At his weekly press briefing, McCarthy declined to say whether he wants such a commitment from the former president.

“I don’t have a commitment [on] that,” McCarthy said. “I’ve worked closely with the president on working on endorsements to win seats in the House.”

Trump has begun reemerging on the political stage in recent weeks and, as he has done in the past, is lashing out at fellow Republicans who have criticized him. In a statement issued by his Save America PAC, Trump earlier this month called Senate Minority Leader Mitch McConnell (R-Ky.) a “dour, sullen, and unsmiling political hack” and predicted that “if Republican Senators are going to stay with him, they will not win again.”

McConnell voted to acquit Trump of the charge of incitement of insurrection but said in a floor speech after his vote that the former president was “practically and morally responsible for provoking” the Jan. 6 Capitol attack.

At his Friday news conference, McCarthy dodged questions about Trump’s potential involvement in GOP primaries, telling reporters, “I’ll deal with politics later.”

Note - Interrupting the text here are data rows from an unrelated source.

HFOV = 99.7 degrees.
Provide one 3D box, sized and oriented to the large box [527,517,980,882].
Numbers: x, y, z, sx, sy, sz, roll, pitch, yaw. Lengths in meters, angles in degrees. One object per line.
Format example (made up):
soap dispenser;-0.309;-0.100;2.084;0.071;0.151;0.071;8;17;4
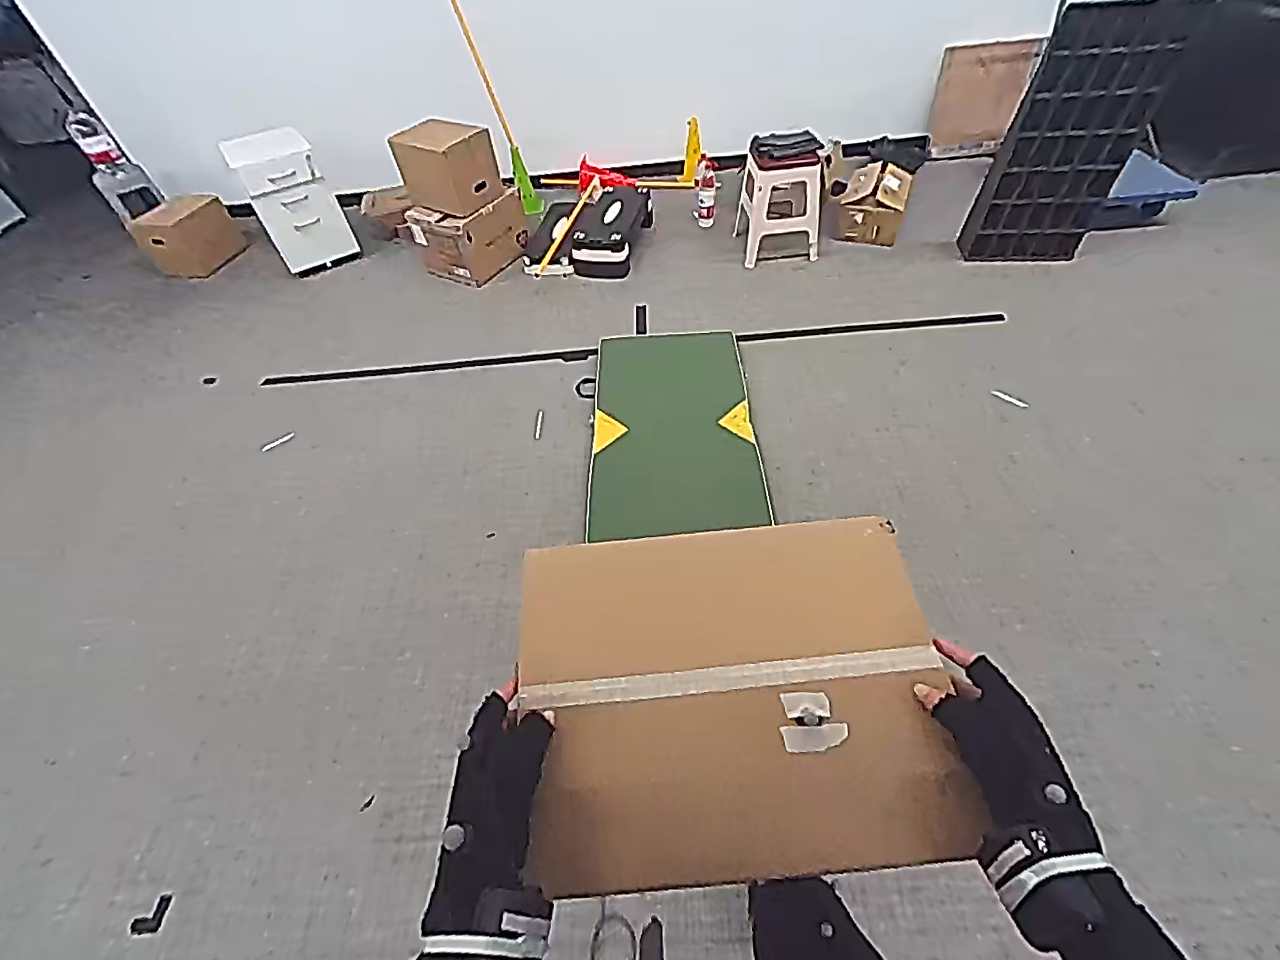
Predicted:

“My focus right now is not on politics. My focus is getting people back to work, back to school and back to health,” he said.

As Congress continues to grapple with the fallout from the Jan. 6 attack, McCarthy said he does not believe it is necessary for lawmakers to be allowed to bring firearms on the House floor, a step some GOP lawmakers have called for.

He also took aim at the Capitol security structure, arguing that security officials should not report to the speaker of the House.

“I think a restructuring probably should happen,” he said, arguing that the current structure allows “a political person” to decide what’s best for the Capitol.

But at a hearing earlier this week, former House sergeant-at-arms Paul D. Irving disputed speculation from Republicans that House Speaker Nancy Pelosi (D-Calif.) was to blame for the security failures at the Capitol.

When asked by Sen. Josh Hawley (R-Mo.) whether he had waited for permission from congressional leaders before deploying the National Guard, Irving said, “Absolutely not.”

Mike DeBonis contributed to this report.